Deploy your service locally

```bash
$ lever deploy
```

This takes the whole current directory, archives it and deploys it onto Lever, in an environment that was created by default: `dev.lever`.

###### Invoke via CLI

```bash
$ lever invoke lever://dev.lever/helloService/sayHello '"world"'

"Hello, world!"

# Or even shorter (only for dev.lever)...
$ lever invoke /helloService/sayHello '"world"'

"Hello, world!"
```

Remember to use proper JSON for arguments. This includes the quotes for strings.

###### Invoke via HTTP POST request

```bash
# Without docker-machine
$ curl -H "Content-Type: application/json" -X POST -d '["world"]' \
http://127.0.0.1:8080/helloService/sayHello?forceenv=dev.lever

"Hello, world!"

# With docker-machine
$ curl -H "Content-Type: application/json" -X POST -d '["world"]' \
http://$(docker-machine ip default):8080/helloService/sayHello?forceenv=dev.lever

"Hello, world!"
```

Notice the `forceenv` query param at the end of the command. This is a convenience feature that allows you to access Lever's HTTP API without having `dev.lever` assigned to the listening IP (and also configuring Lever to serve on port `80`).

###### Invoke from browser (via HTTP API)

```javascript
$.ajax({
'type': 'POST',
'url': 'http://127.0.0.1:8080/helloService/sayHello?forceenv=dev.lever',
'contentType': 'application/json',
'data': JSON.stringify(["world"]),
'dataType': 'json',
'success': function (data) {
console.log(data); // Hello, world!
},
});
```

Note that when using docker-machine, you need to replace `127.0.0.1` with the output of the command `docker-machine ip default`.

###### Invoke from Node

```bash
$ npm install leveros
```

```javascript
var leveros = require('leveros');

var client = new leveros.Client();
client.forceHost = process.env.LEVEROS_IP_PORT;
var service = client.service('dev.lever', 'helloService');
service.invoke('sayHello', "world", function (error, reply) {
console.log(reply); // Hello, world!
});
```

```bash
# Without docker-machine
$ LEVEROS_IP_PORT="127.0.0.1:8080" node client.js

# With docker-machine
$ LEVEROS_IP_PORT="$(docker-machine ip default):8080" node client.js
```

Setting `LEVEROS_IP_PORT` is necessary so that you can invoke the `dev.lever` environment without adding an entry for it in `/etc/hosts` and setting the listen port to `80`.

### What's next?

To learn more about using Lever OS, check the [full documentation](https://leveros.readme.io/).

Contributing
------------

* Please report bugs as [GitHub issues](https://github.com/leveros/leveros/issues).
* Join us on [Gitter](https://gitter.im/leveros/leveros)!
* Questions via GitHub issues are welcome!
* PRs welcome!
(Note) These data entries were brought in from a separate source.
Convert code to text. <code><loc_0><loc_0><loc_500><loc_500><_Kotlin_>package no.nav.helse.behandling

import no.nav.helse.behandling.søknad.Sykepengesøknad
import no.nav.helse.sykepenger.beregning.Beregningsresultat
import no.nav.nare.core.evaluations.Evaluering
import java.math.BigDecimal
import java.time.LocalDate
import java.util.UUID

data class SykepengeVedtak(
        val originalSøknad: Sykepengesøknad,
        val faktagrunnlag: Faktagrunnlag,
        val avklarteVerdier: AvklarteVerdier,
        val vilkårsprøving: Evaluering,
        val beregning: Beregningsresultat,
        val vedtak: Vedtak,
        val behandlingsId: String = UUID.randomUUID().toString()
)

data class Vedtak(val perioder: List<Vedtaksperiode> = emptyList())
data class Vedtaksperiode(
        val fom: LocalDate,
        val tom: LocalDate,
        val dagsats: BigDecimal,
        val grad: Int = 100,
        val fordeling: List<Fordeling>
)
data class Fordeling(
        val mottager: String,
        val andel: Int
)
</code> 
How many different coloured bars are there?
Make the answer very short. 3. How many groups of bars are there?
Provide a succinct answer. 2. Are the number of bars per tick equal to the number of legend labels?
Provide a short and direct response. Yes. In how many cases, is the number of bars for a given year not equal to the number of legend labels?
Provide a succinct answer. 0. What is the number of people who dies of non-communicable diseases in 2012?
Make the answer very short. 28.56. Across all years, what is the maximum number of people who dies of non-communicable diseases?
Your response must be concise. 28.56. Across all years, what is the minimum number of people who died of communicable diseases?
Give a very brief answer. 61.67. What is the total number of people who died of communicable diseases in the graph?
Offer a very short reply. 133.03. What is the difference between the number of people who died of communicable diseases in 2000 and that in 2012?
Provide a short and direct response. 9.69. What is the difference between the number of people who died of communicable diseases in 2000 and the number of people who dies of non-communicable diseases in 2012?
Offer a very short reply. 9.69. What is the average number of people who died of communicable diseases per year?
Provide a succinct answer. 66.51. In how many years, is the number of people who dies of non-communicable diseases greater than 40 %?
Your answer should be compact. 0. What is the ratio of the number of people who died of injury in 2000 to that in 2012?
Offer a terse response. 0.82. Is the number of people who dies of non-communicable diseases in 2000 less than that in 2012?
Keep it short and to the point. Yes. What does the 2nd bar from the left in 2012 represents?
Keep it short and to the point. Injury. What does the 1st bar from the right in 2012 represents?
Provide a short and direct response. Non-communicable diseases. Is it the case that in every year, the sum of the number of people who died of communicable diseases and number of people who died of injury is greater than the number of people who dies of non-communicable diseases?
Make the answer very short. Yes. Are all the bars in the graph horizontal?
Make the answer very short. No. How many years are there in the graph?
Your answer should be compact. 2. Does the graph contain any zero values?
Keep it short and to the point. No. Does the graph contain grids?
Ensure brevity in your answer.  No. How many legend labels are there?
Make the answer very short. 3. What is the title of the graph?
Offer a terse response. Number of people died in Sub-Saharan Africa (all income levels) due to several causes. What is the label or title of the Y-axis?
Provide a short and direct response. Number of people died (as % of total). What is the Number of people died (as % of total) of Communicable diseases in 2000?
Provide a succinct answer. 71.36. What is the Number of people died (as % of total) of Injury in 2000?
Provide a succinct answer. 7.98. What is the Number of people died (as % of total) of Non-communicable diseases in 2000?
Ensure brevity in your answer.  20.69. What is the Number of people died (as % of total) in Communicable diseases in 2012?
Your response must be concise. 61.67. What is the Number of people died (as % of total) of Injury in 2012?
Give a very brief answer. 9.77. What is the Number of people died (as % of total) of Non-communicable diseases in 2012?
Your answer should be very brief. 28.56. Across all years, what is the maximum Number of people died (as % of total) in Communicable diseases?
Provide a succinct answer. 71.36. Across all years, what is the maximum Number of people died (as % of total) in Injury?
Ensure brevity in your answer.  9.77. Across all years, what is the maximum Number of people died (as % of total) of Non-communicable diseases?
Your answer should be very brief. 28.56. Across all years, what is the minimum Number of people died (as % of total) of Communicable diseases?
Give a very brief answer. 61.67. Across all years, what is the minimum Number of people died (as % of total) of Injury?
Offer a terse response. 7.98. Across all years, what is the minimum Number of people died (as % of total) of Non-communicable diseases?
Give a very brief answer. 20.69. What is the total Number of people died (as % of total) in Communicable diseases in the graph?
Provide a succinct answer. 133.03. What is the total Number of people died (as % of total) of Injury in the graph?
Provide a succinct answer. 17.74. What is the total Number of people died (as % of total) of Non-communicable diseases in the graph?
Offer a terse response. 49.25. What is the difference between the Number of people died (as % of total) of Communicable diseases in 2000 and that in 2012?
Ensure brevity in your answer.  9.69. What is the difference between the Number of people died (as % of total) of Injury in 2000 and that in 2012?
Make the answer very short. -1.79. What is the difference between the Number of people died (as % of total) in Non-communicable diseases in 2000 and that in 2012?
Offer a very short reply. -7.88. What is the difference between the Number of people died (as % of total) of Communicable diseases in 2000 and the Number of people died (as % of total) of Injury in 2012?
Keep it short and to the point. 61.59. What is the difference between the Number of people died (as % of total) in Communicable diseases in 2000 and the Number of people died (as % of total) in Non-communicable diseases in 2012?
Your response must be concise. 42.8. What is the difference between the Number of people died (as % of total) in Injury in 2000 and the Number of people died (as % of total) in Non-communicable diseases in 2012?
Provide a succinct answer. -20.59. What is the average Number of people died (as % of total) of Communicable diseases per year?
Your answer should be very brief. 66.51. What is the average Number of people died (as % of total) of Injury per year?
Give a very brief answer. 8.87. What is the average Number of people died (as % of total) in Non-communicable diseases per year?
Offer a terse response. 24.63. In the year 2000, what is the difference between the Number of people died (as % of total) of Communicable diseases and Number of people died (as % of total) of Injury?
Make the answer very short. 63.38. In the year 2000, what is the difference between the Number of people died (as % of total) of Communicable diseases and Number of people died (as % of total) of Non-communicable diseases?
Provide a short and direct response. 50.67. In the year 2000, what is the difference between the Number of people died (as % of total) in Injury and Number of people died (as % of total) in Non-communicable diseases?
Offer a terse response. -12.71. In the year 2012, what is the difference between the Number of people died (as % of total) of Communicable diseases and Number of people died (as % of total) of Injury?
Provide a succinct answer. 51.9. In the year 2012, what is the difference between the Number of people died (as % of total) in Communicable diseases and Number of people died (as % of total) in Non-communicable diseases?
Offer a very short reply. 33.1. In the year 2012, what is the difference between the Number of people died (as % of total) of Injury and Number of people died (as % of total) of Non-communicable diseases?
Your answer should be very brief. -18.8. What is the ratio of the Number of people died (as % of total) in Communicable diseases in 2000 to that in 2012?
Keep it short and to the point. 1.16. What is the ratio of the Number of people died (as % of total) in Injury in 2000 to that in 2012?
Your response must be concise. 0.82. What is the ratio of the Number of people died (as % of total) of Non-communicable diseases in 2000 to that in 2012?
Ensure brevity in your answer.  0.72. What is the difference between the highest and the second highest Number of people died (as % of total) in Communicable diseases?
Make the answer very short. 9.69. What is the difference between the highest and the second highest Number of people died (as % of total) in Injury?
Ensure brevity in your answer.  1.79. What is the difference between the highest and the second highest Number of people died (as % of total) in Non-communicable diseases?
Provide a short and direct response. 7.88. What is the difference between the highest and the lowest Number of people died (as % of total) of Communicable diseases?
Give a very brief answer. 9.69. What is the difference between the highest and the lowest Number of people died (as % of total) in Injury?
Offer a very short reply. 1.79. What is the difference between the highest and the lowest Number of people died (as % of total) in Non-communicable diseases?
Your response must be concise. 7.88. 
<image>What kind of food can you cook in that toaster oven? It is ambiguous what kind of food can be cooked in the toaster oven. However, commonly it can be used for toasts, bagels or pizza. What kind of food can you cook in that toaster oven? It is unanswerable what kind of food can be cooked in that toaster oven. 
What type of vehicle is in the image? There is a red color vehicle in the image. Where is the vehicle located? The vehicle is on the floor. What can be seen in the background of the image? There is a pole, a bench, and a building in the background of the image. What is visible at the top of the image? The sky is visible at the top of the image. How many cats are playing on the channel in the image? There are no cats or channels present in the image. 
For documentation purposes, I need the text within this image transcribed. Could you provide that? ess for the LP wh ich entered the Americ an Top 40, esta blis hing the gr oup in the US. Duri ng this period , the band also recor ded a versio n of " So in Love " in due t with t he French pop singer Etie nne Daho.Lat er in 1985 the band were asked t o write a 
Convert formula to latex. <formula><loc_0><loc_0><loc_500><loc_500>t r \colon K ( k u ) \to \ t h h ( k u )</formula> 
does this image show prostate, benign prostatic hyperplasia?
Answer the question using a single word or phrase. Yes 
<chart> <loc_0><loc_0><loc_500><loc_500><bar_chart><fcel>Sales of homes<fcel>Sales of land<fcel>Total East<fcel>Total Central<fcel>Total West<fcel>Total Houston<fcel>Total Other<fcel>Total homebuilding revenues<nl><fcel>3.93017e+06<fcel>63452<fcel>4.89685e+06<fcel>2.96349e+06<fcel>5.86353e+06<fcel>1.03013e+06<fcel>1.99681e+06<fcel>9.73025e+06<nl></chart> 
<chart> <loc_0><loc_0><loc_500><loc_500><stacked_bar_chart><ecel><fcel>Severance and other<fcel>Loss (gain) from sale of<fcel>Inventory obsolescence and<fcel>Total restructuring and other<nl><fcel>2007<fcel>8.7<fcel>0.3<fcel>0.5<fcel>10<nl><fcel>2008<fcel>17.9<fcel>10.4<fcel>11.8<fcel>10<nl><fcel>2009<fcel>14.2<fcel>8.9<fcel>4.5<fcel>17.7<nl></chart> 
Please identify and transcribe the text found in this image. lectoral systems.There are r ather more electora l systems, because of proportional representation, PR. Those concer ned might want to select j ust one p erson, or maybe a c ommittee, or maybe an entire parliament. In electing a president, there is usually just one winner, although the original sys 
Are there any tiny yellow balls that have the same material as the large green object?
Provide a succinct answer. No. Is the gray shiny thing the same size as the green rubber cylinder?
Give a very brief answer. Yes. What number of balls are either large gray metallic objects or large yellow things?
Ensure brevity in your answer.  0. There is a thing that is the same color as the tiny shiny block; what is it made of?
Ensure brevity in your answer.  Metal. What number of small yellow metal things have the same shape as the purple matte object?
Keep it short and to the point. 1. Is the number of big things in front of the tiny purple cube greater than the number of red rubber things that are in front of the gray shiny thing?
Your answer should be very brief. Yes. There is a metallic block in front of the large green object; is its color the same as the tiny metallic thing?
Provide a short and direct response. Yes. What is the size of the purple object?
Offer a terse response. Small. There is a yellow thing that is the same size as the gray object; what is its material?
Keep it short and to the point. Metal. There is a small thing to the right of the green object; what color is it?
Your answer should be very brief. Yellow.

But please give a heads-up in GitHub issue before starting work. If there is no GitHub issue for what you want to do, please create one.
* To build from source, check the [contributing](./doc/contributing.md) page.

Security Disclosure
-------------------

Security is very important to us. If you have any issue regarding security, please disclose the information responsibly by sending an email to `security [at] leveros.com` and not by creating a GitHub issue.

Licensing
---------

Lever OS is licensed under the Apache License, Version 2.0. See [LICENSE.md](./LICENSE.md) for the full license text.